Heba Ayyad avatar

Heba Ayyad

Jornalista internacional e escritora palestina-brasileira

157 artigos

HOME > blog

De Ruanda a Srebrenica e Gaza, os horrores das guerras de extermínio continuam

Que farsa maior poderia haver do que uma comunidade internacional que encobre assassinos e criminosos?

Uma mulher muçulmana bósnia toca uma lápide no Memorial do Genocídio de Srebrenica em Potocari, Bósnia e Herzegovina, 8 de junho de 2021 (Foto: REUTERS/Dado Ruvic)

Na noite de 6 de abril de 1994, o avião do presidente de maioria hutu de Ruanda, Juvénal Habyarimana, foi abatido, matando-o. Habyarimana havia assinado, em 1993, um acordo de paz com a Frente Patriótica Ruandesa (FPR), em Arusha, na Tanzânia, que incorporava a FPR ao Estado, apesar das objeções de extremistas hutus. Assim que a morte do presidente foi anunciada, unidades do Exército e da Polícia — compostas majoritariamente por hutus — foram transformadas em milícias assassinas, realizando limpeza étnica e massacres de tutsis, com a intenção de exterminá-los por completo.

Os massacres continuaram por 100 dias consecutivos, durante os quais entre 800 mil e 1 milhão de pessoas foram mortas. Estima-se que 500 mil ou mais mulheres foram estupradas. Os eventos foram classificados como genocídio, e um tribunal criminal especial foi estabelecido em Arusha, Ruanda, que julgou 93 criminosos de guerra — 62 dos quais foram condenados, incluindo o primeiro-ministro, vários ministros, oficiais e figuras da mídia que incitaram os assassinatos. Centenas também foram condenadas a longas penas de prisão em tribunais estaduais. Ao todo, cerca de 1,2 milhão de pessoas foram julgadas, sendo 150 mil condenadas em tribunais locais tradicionais.

Em 11 de julho de 1995, há trinta anos, na cidade de Srebrenica, na Bósnia e Herzegovina, mais de 8 mil homens e meninos muçulmanos bósnios foram sistematicamente separados de suas famílias por milícias sérvias genocidas. Todos foram executados e enterrados em valas comuns sob a supervisão do general Ratko Mladić. A limpeza étnica de muçulmanos na Bósnia vinha ocorrendo desde 1992, com mais de 60 mil mulheres estupradas e milhares de crianças, mulheres, jovens e idosos arrancados à força de suas casas.

Uma geração inteira perdeu seu futuro após quatro anos de massacres.
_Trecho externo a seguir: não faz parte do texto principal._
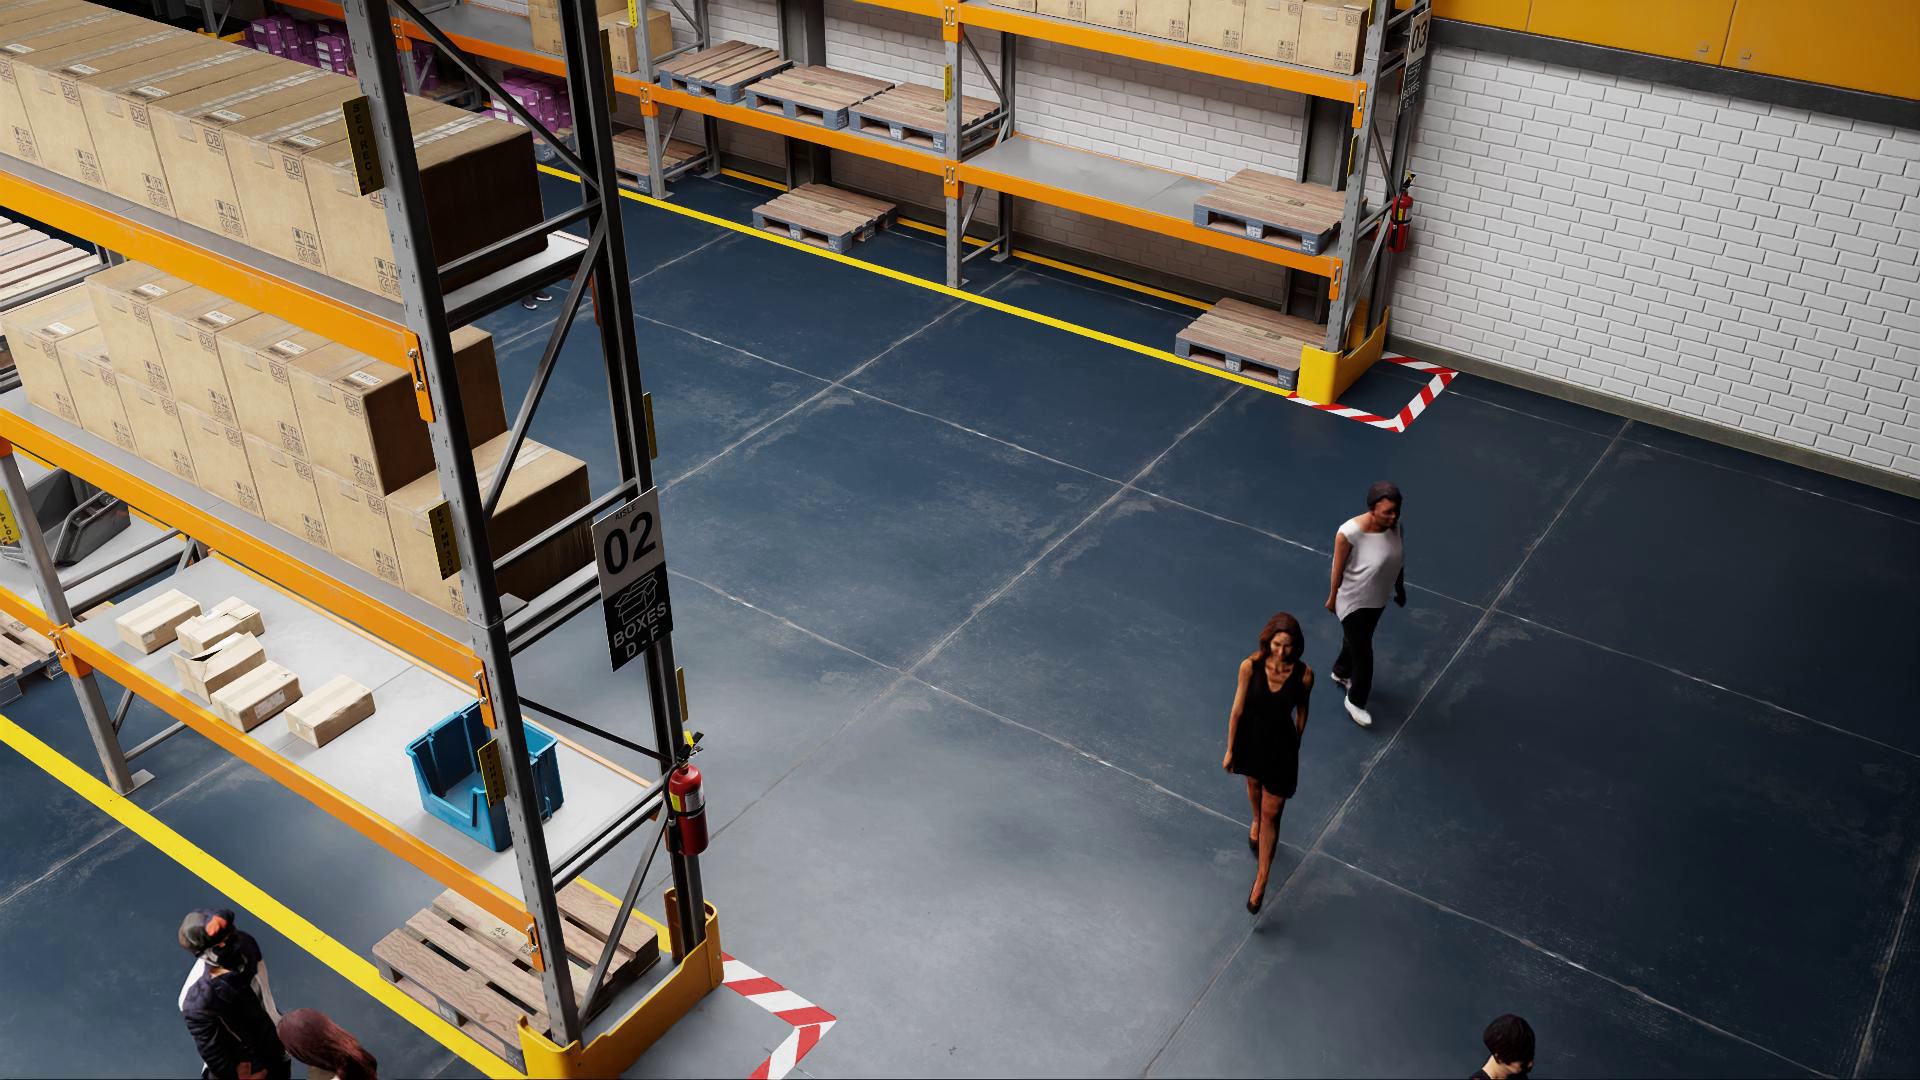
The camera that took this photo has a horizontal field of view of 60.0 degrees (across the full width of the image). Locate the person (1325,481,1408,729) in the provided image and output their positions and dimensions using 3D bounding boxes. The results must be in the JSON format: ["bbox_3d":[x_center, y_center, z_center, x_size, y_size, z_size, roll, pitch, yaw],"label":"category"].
[{"bbox_3d":[2.578,0.316,10.736,0.799,1.673,0.891,-22,39,-29],"label":"person"}]

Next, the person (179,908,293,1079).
[{"bbox_3d":[-3.191,2.344,7.491,0.786,1.890,0.782,1,34,2],"label":"person"}]

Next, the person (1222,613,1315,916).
[{"bbox_3d":[1.726,1.127,9.401,1.042,1.802,0.863,9,35,14],"label":"person"}]

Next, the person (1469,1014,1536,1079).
[{"bbox_3d":[2.309,2.653,7.330,0.522,1.553,0.549,25,41,32],"label":"person"}]

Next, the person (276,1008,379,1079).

O objetivo era exterminar todos os muçulmanos bósnios. Um tribunal criminal especial foi criado para julgar os criminosos de guerra. Aproximadamente 50 foram condenados, incluindo o presidente sérvio Slobodan Milošević, o líder da milícia Ratko Mladić e o presidente separatista da província sérvia da Bósnia, Radovan Karadžić.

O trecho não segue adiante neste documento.